__Activity__. Find each line below containing the word "tiny" and copy it.
---
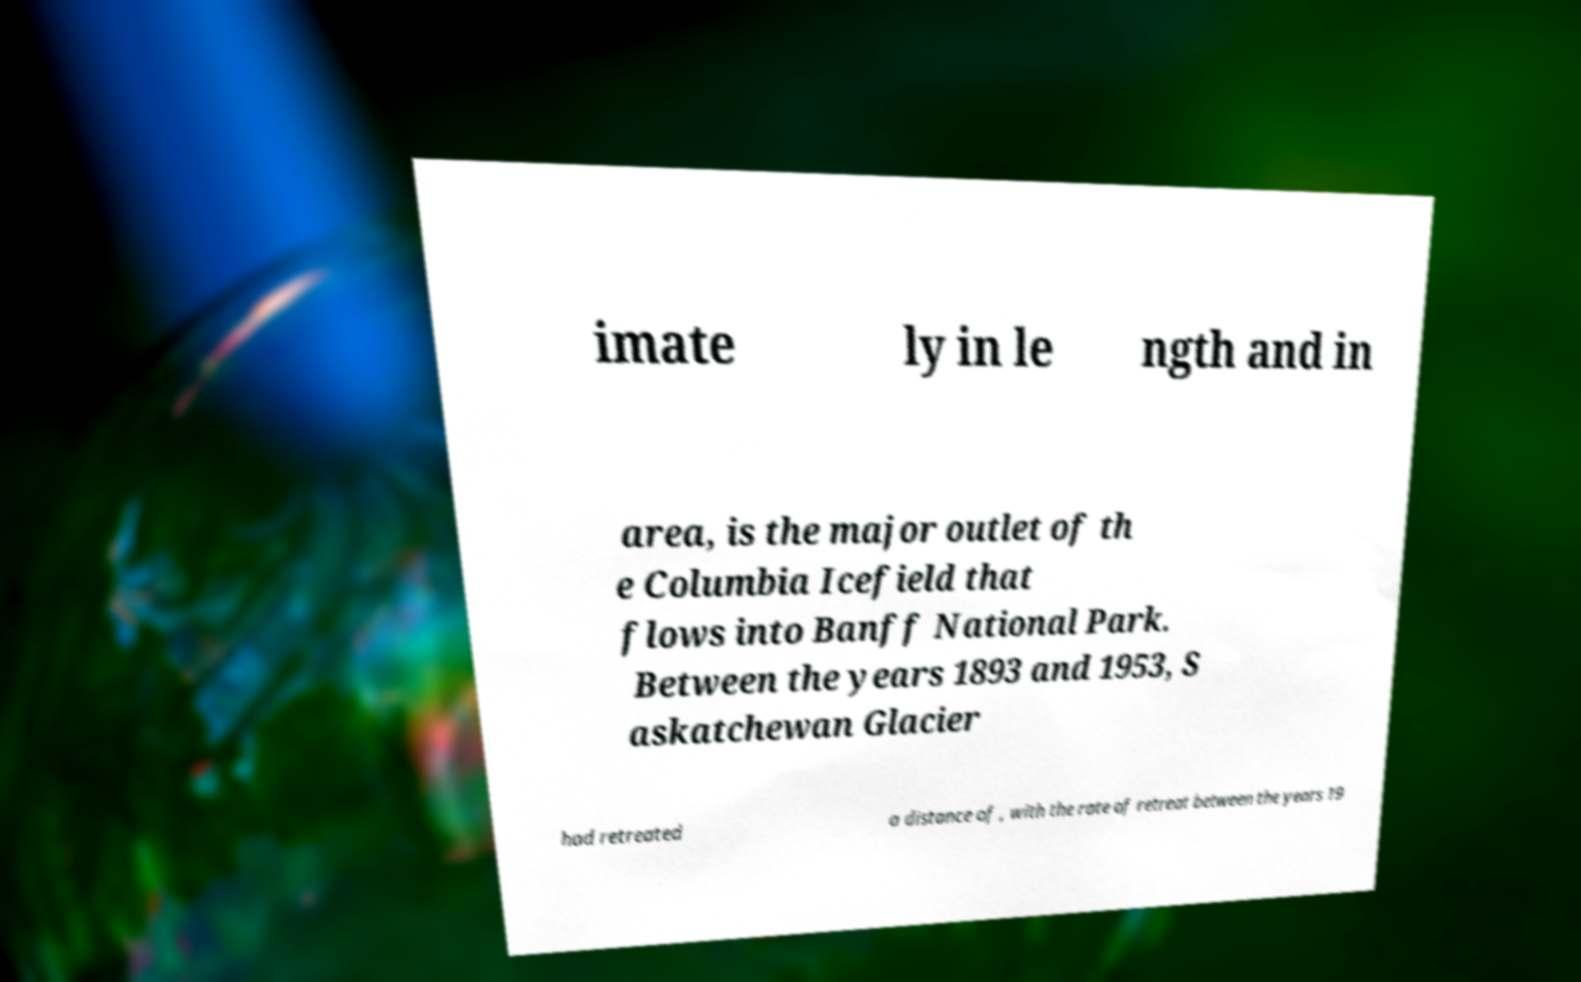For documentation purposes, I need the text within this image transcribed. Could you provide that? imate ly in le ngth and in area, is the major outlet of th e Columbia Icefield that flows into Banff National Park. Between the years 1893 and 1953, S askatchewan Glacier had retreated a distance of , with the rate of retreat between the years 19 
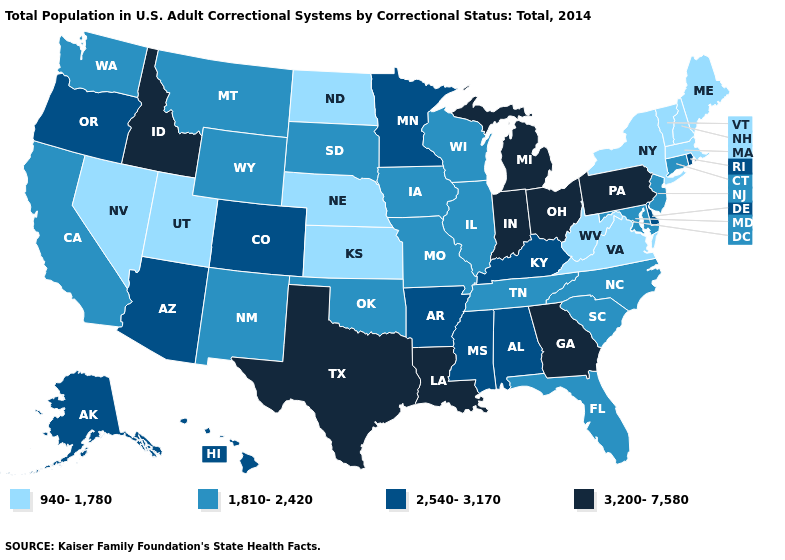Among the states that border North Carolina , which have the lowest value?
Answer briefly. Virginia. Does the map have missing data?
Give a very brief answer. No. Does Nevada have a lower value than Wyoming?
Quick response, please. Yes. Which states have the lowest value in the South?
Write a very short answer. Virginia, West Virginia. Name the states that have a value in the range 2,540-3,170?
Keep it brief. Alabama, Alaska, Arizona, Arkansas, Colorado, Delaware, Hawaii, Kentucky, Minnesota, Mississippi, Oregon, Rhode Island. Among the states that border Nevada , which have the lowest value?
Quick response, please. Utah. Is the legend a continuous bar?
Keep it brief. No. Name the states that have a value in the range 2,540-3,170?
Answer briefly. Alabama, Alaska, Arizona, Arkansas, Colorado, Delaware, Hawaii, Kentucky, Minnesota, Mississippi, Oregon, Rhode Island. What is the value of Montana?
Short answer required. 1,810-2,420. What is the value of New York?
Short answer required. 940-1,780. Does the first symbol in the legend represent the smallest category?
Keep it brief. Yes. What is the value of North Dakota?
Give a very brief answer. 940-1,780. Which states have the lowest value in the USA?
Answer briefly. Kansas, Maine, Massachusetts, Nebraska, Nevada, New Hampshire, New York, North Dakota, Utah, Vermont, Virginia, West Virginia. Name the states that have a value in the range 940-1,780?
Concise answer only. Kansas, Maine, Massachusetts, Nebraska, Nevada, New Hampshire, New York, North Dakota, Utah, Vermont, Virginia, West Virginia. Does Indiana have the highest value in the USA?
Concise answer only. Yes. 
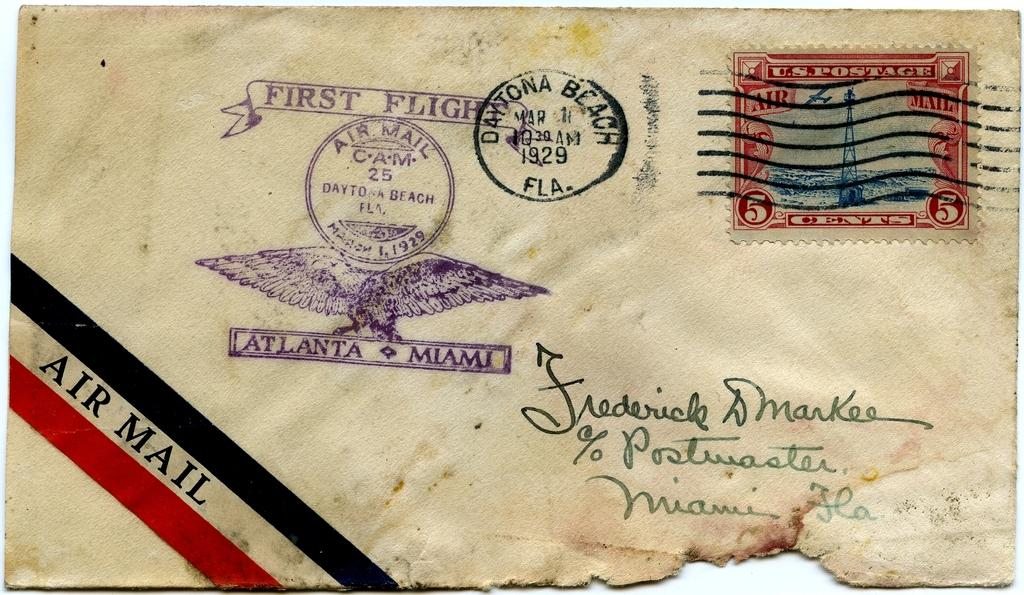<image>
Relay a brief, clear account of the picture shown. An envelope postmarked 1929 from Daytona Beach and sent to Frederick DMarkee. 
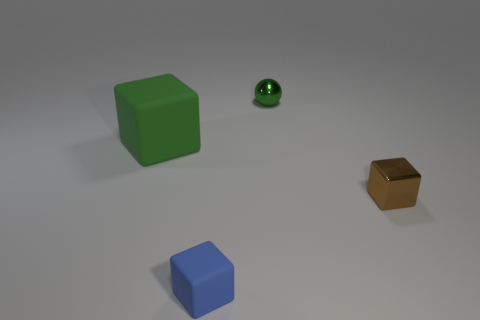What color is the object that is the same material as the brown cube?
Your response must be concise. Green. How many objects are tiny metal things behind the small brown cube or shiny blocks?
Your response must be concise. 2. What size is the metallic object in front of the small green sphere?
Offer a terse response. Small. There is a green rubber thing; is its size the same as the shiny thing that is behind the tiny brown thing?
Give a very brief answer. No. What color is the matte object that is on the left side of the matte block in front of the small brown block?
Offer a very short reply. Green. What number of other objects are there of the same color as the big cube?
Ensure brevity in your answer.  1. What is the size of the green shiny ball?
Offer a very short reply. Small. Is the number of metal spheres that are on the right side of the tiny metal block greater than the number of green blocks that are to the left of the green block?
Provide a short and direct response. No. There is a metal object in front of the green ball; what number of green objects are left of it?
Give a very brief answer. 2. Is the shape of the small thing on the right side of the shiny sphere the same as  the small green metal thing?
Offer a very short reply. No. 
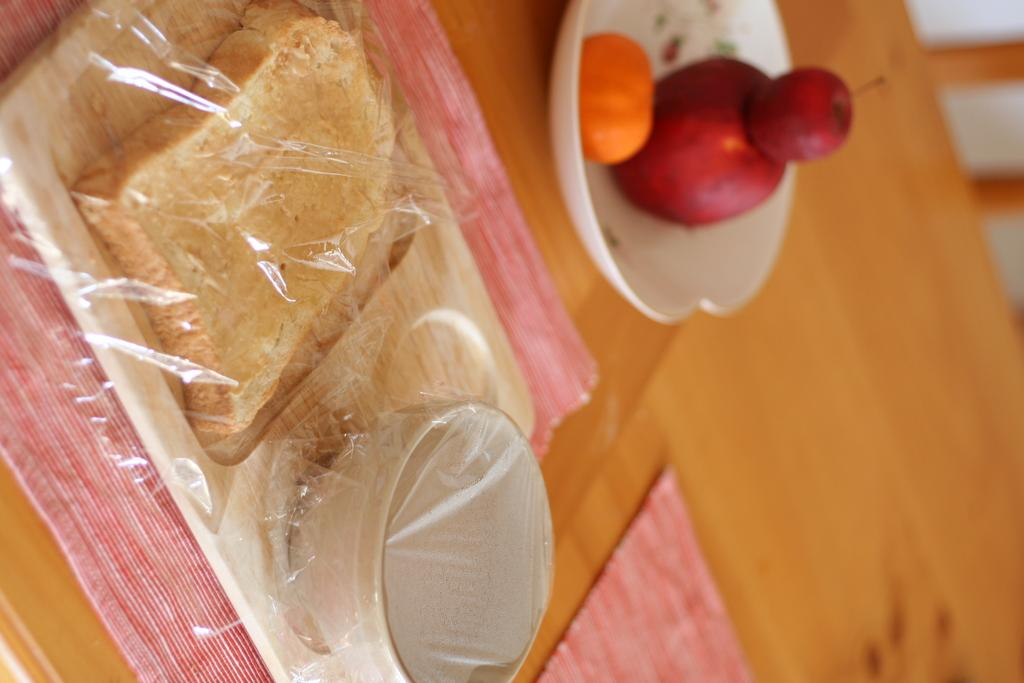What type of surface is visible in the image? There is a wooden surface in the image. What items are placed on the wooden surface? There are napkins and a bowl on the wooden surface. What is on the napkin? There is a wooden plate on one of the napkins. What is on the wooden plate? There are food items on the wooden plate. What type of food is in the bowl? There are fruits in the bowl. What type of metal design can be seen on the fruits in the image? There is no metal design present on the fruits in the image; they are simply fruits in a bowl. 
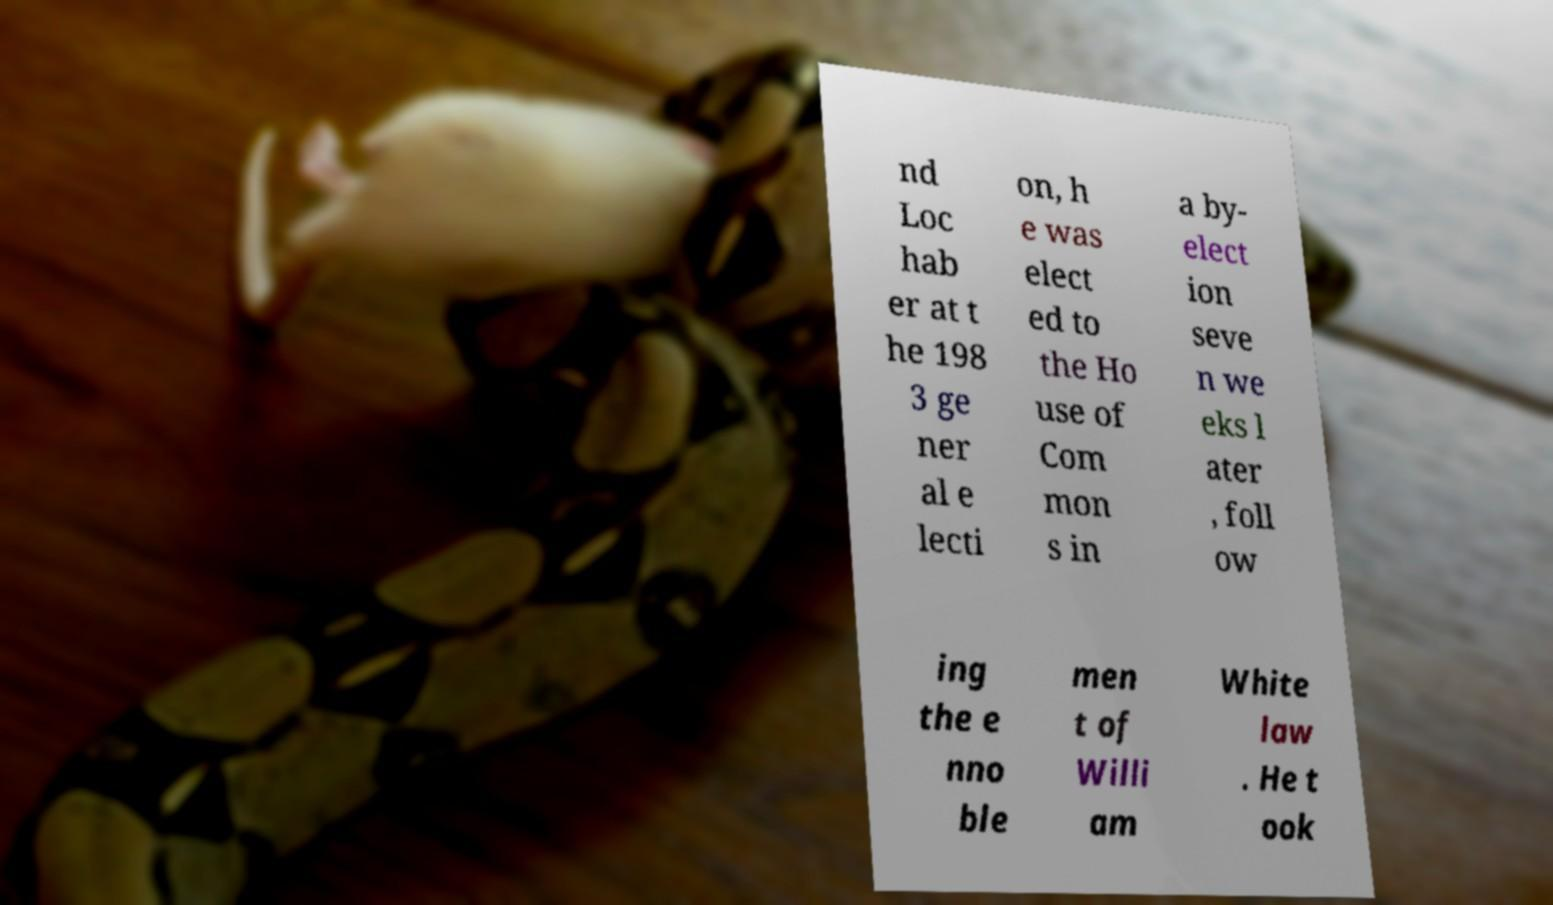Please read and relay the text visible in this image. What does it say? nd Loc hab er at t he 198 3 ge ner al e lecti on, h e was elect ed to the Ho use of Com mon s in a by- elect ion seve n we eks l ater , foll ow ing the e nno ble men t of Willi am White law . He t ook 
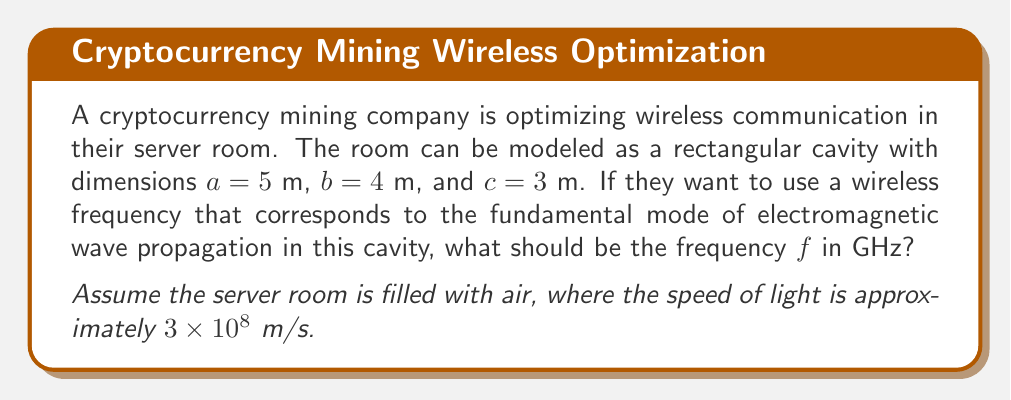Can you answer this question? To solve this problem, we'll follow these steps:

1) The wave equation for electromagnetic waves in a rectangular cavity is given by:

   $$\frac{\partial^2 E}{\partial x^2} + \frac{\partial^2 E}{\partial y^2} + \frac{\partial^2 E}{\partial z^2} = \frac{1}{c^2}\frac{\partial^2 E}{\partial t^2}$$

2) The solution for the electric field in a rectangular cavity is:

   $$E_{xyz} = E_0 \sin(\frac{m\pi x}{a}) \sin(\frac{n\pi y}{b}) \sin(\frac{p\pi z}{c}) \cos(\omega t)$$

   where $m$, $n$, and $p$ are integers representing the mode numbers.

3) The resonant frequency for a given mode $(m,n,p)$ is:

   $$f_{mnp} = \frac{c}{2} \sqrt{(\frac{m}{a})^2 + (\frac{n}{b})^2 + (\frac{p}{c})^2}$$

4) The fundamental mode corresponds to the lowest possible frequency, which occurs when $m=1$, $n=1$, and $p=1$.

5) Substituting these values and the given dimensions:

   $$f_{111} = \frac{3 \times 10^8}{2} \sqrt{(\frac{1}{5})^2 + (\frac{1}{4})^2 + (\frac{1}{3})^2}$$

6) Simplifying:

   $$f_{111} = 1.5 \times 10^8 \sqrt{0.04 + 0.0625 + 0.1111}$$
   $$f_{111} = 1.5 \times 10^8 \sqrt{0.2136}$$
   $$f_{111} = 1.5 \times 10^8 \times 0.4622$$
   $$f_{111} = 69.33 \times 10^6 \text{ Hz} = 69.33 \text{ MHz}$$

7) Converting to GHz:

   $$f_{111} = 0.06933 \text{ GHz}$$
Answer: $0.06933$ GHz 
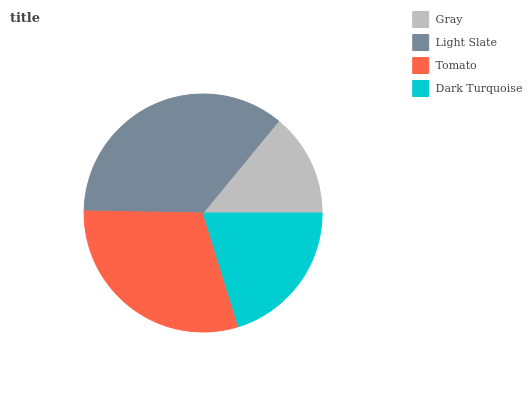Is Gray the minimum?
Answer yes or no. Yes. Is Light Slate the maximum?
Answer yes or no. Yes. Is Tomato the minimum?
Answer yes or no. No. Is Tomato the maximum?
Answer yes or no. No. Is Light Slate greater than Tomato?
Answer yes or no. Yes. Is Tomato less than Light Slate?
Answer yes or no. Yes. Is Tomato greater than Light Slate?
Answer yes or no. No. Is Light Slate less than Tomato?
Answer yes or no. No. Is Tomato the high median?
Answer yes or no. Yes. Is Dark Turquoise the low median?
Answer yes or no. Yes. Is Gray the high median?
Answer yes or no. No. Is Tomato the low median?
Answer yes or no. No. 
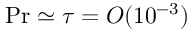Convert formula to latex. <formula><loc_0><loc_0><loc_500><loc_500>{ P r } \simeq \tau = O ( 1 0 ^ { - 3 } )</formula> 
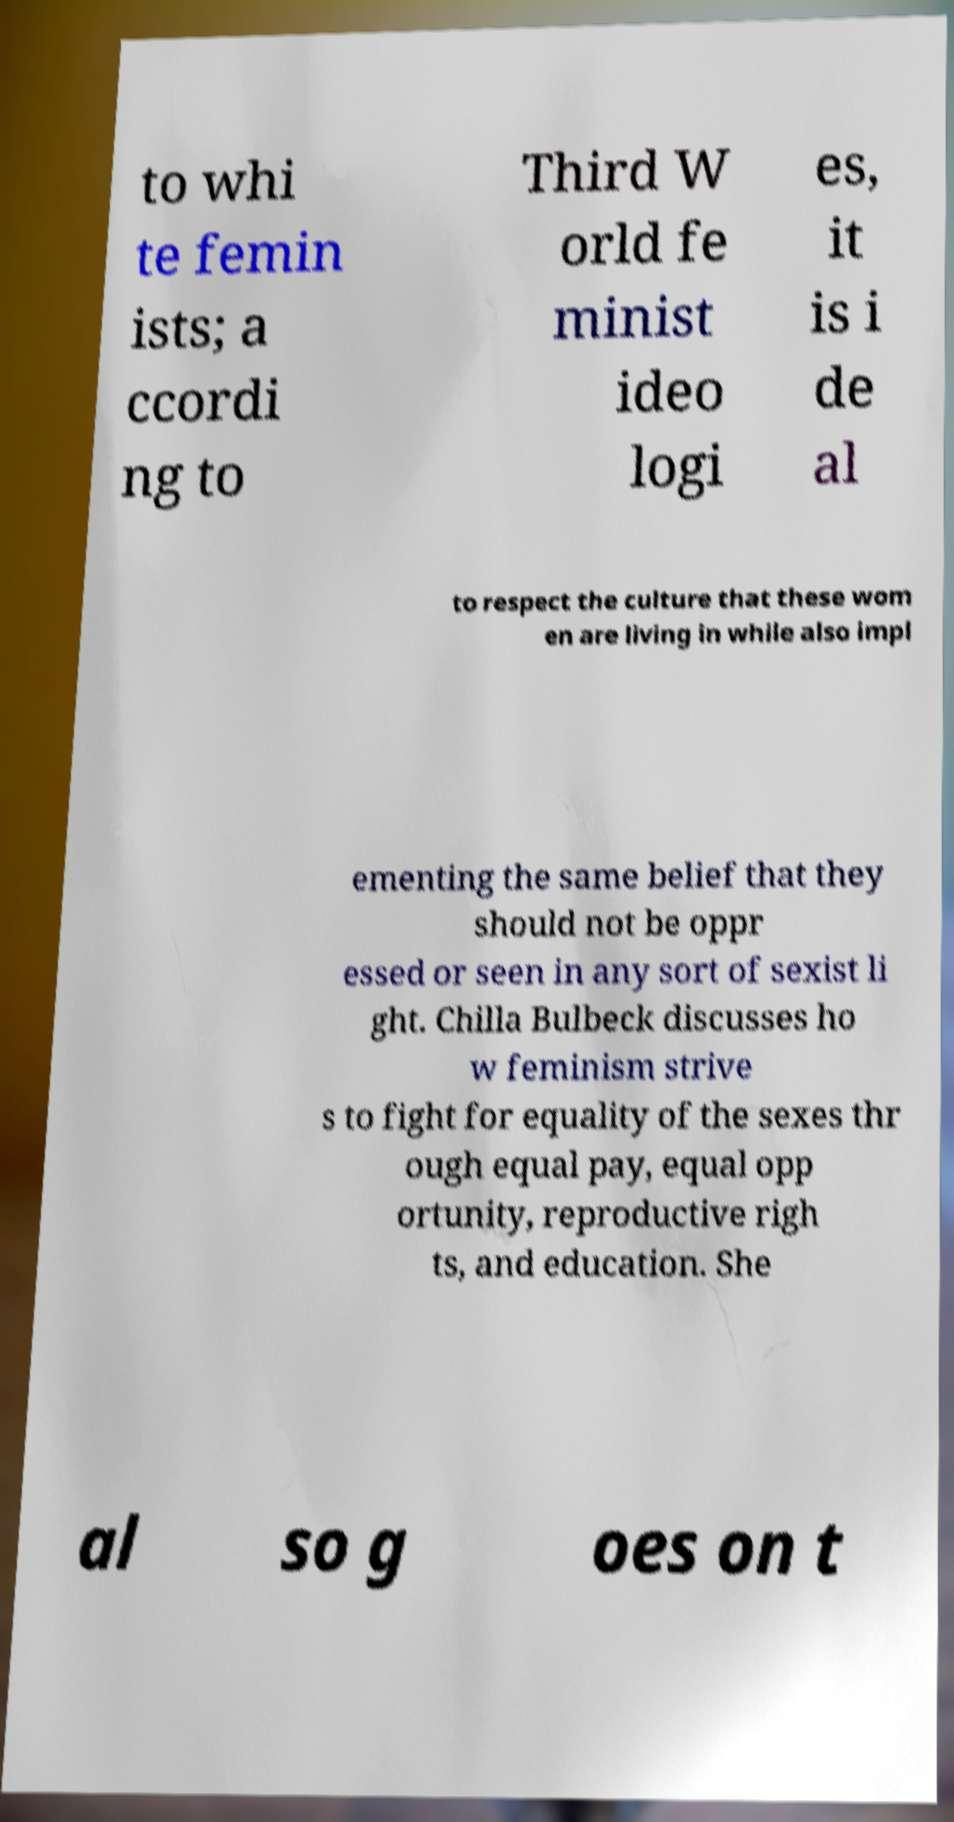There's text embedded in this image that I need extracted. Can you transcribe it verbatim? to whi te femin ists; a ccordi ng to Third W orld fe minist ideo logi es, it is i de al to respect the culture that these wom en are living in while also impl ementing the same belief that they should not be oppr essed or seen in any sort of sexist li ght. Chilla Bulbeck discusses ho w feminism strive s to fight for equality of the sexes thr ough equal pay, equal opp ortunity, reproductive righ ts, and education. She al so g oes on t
---
__Output__.
Your response must be concise. Green. How many objects are tiny metal things behind the small brown cube or shiny blocks?
Offer a terse response. Small. There is a green rubber thing; is its size the same as the shiny thing that is behind the tiny brown thing?
Offer a very short reply. Small. Is the number of metal spheres that are on the right side of the tiny metal block greater than the number of green blocks that are to the left of the green block?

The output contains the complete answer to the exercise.